## WHAT TO WORK ON
In the copy, include no pictures, but reproduce every record exactly.

[[ INFORMATION SHOWN, beginning ]]

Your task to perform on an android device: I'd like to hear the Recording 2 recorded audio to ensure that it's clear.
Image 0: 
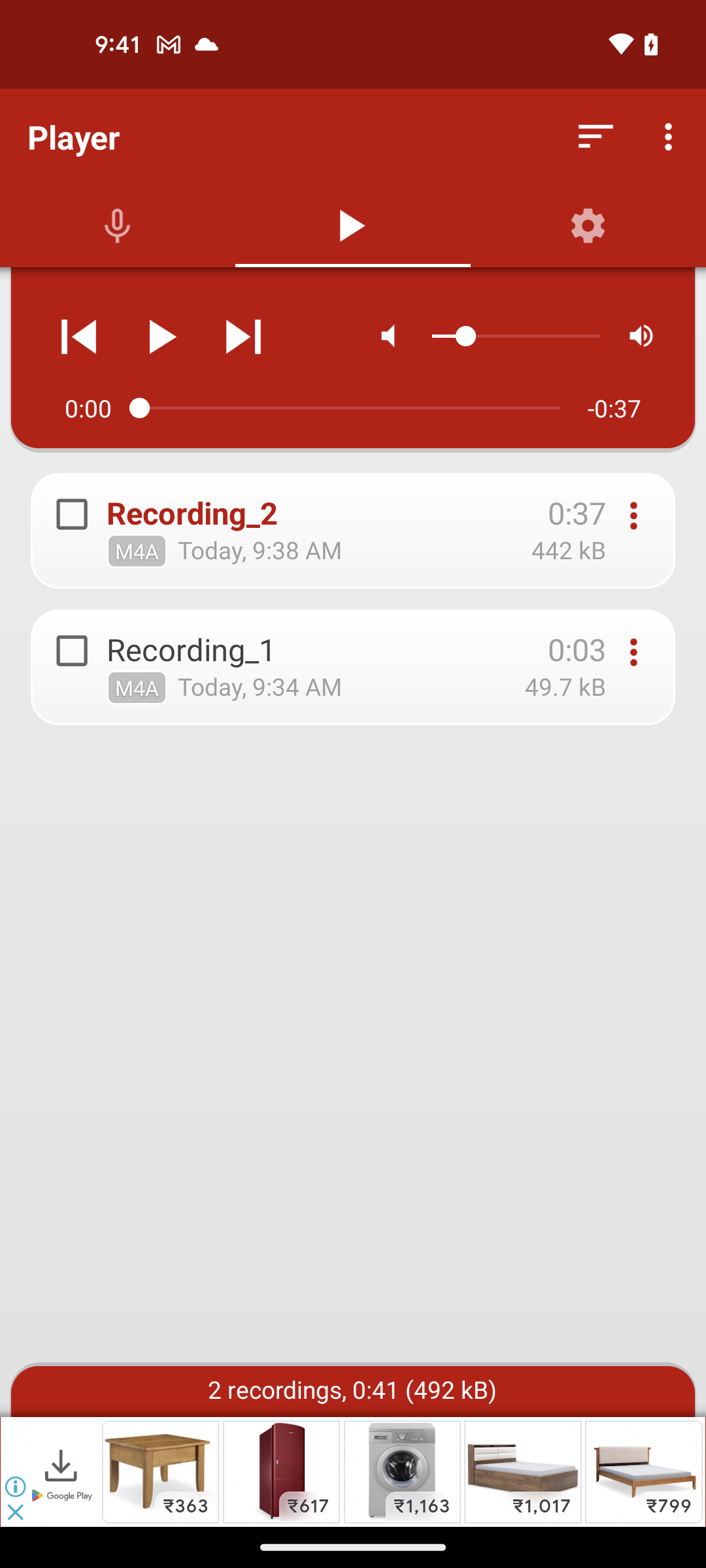
click on play icon to play the recording
Step 0: click (161, 336)
Image 1: 
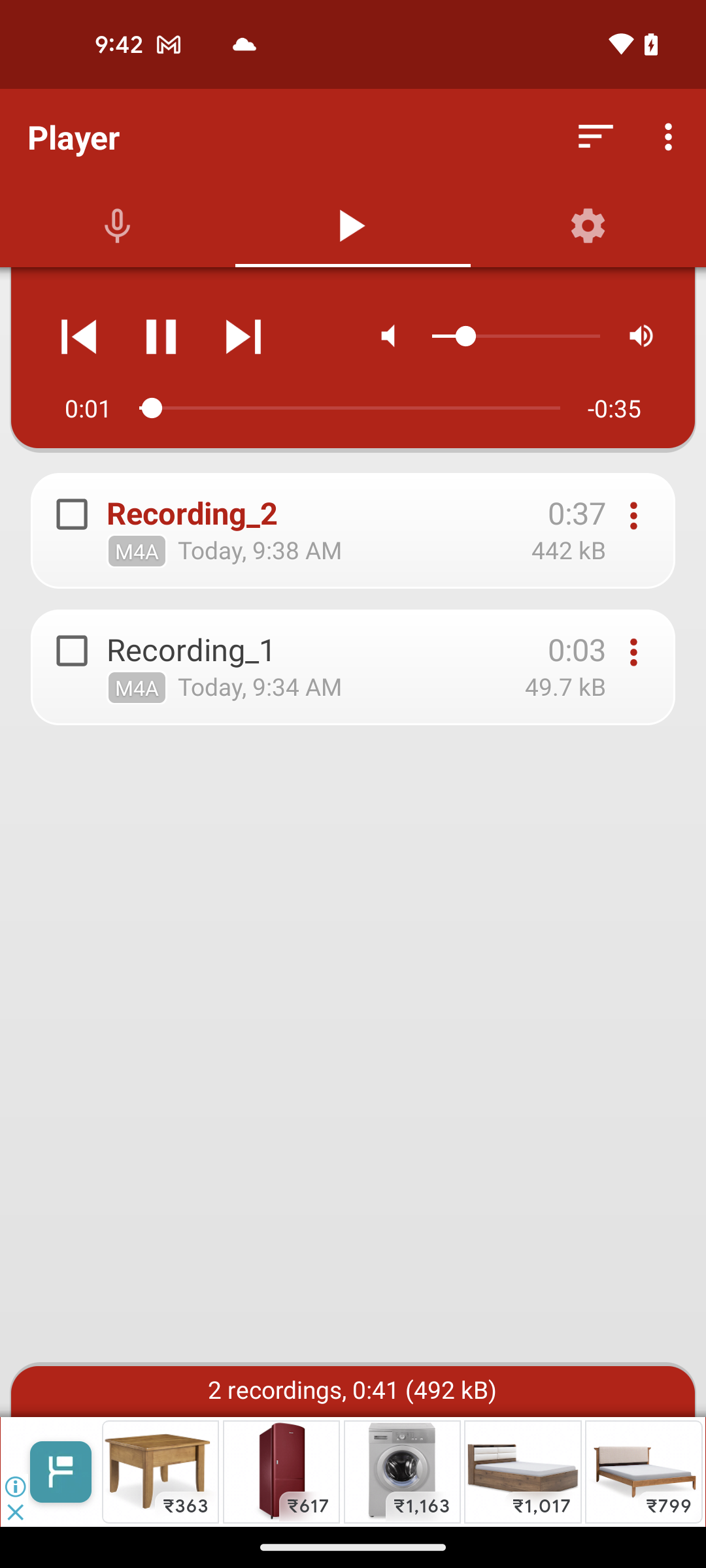
click on play icon to play the recording
Step 1: wait
Image 2: 
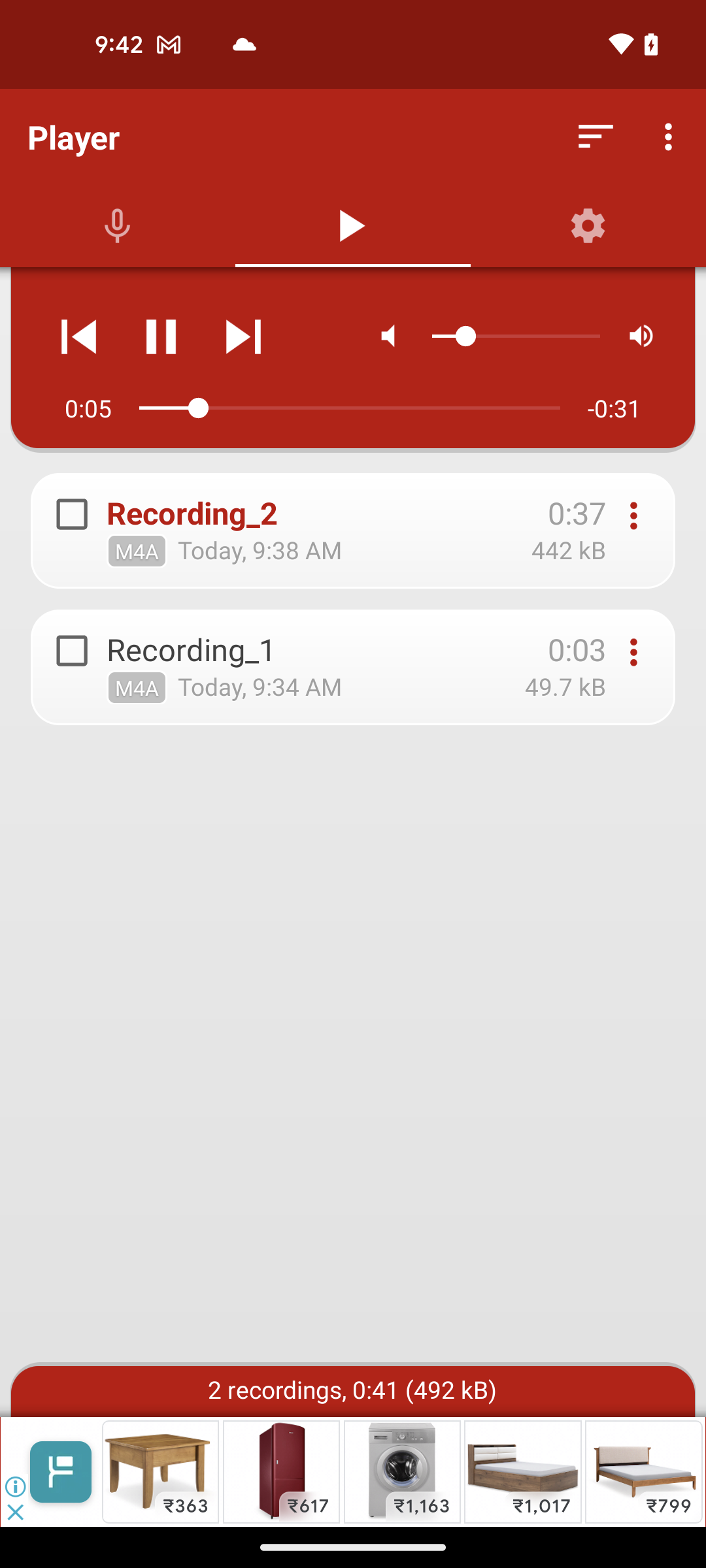
click on play icon to play the recording
Step 2: wait

[[ INFORMATION SHOWN, end ]]

## RESPONSE BOX
Your task to perform on an android device: I'd like to hear the Recording 2 recorded audio to ensure that it's clear.
Image 0: 
click on play icon to play the recording
Step 0: click (161, 336)
Image 1: 
click on play icon to play the recording
Step 1: wait
Image 2: 
click on play icon to play the recording
Step 2: wait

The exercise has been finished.